TASK DIRECTIONS: Whenever "second" appears in a line, please copy that line from the data.

PROVIDED ENTRIES:

-- -- --

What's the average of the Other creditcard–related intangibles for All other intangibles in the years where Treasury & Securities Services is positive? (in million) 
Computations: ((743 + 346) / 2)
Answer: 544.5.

-- -- --

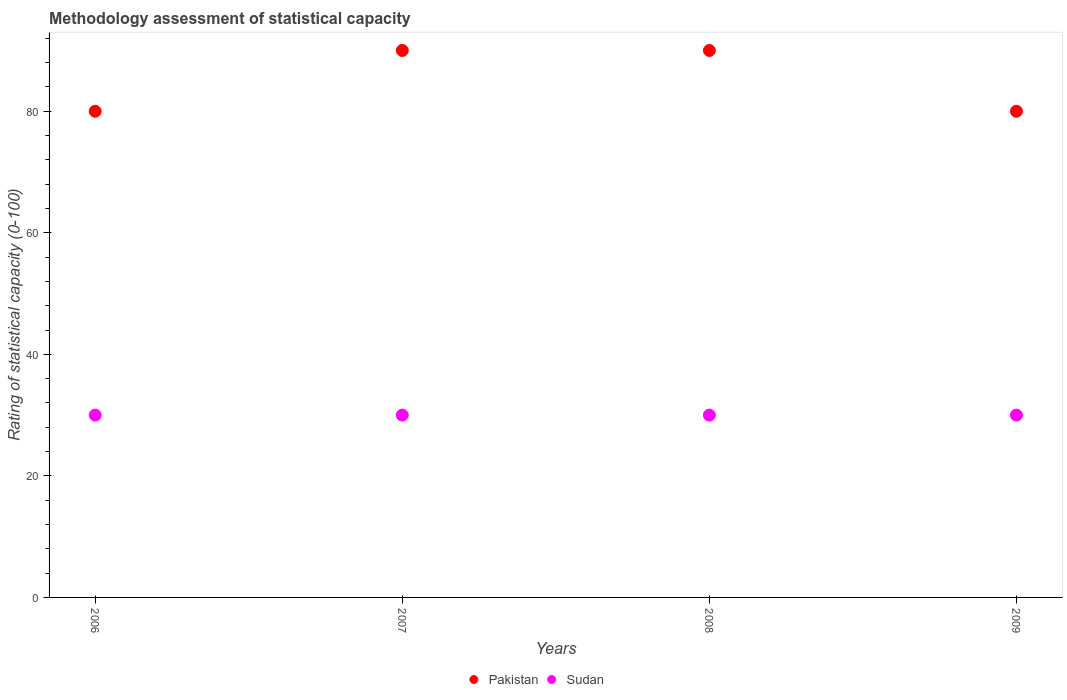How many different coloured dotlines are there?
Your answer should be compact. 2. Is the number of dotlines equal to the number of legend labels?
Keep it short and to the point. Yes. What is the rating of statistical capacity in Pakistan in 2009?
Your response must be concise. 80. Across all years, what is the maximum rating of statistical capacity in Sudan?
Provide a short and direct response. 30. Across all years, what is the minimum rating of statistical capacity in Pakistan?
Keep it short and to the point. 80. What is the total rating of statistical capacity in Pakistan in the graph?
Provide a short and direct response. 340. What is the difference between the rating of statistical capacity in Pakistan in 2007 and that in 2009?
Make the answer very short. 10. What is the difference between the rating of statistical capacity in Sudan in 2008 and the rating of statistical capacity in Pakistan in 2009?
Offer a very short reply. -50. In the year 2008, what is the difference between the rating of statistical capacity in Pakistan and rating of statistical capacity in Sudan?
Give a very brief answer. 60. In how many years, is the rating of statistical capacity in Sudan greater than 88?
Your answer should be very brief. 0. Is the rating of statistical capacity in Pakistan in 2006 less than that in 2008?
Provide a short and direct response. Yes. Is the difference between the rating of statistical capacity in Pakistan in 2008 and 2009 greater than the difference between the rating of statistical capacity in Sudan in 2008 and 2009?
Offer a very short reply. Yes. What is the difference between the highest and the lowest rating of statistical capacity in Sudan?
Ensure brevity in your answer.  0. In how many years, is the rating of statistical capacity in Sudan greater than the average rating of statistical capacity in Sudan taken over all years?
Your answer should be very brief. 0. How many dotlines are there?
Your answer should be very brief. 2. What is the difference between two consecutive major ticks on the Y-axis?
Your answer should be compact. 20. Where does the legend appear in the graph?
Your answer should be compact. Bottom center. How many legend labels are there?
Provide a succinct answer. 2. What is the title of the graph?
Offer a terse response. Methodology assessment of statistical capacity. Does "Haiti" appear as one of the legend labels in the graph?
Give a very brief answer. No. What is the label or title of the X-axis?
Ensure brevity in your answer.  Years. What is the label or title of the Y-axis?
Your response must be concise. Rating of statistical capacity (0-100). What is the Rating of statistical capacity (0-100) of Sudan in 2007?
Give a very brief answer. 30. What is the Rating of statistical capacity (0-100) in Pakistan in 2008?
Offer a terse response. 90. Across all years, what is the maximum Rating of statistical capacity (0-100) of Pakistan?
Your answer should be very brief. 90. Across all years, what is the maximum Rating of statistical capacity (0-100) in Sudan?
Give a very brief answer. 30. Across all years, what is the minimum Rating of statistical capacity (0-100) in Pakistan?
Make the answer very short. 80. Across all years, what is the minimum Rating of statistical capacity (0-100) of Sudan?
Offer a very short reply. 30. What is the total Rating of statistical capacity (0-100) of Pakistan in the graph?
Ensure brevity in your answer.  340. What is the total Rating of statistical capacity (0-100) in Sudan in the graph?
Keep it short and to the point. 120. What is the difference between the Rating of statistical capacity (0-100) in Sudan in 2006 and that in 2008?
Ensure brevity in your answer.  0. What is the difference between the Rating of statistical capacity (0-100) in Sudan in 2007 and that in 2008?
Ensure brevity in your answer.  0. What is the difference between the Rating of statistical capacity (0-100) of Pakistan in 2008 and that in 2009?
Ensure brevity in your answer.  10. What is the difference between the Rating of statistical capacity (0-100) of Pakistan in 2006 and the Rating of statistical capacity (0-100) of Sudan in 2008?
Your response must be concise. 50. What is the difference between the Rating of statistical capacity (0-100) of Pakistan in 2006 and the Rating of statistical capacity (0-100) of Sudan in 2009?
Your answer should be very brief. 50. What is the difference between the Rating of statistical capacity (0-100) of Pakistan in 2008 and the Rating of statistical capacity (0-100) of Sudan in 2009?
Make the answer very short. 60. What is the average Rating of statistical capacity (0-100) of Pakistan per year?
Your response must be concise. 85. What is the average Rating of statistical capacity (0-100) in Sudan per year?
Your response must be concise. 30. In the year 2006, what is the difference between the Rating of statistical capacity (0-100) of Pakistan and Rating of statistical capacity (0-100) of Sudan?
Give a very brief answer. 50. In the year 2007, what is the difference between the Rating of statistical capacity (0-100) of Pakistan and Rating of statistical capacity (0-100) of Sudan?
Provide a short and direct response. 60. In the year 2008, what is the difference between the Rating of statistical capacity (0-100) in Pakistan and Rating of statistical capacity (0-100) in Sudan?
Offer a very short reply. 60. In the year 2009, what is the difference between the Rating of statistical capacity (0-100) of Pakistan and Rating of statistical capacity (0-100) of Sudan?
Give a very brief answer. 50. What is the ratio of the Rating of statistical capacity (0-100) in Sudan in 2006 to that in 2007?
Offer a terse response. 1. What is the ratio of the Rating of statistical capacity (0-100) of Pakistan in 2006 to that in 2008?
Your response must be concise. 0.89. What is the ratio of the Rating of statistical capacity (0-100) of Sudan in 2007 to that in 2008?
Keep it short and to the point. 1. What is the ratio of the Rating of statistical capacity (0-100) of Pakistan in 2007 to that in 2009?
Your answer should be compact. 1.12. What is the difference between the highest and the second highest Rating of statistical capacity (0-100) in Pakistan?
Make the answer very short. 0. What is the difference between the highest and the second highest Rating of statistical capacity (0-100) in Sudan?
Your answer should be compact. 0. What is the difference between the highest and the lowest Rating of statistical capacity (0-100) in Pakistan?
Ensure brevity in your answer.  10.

-- -- --

RESPONSE:
Your answer should be compact. 1.12. What is the difference between the highest and the second highest Rating of statistical capacity (0-100) in Pakistan?
Make the answer very short. 0. What is the difference between the highest and the second highest Rating of statistical capacity (0-100) in Sudan?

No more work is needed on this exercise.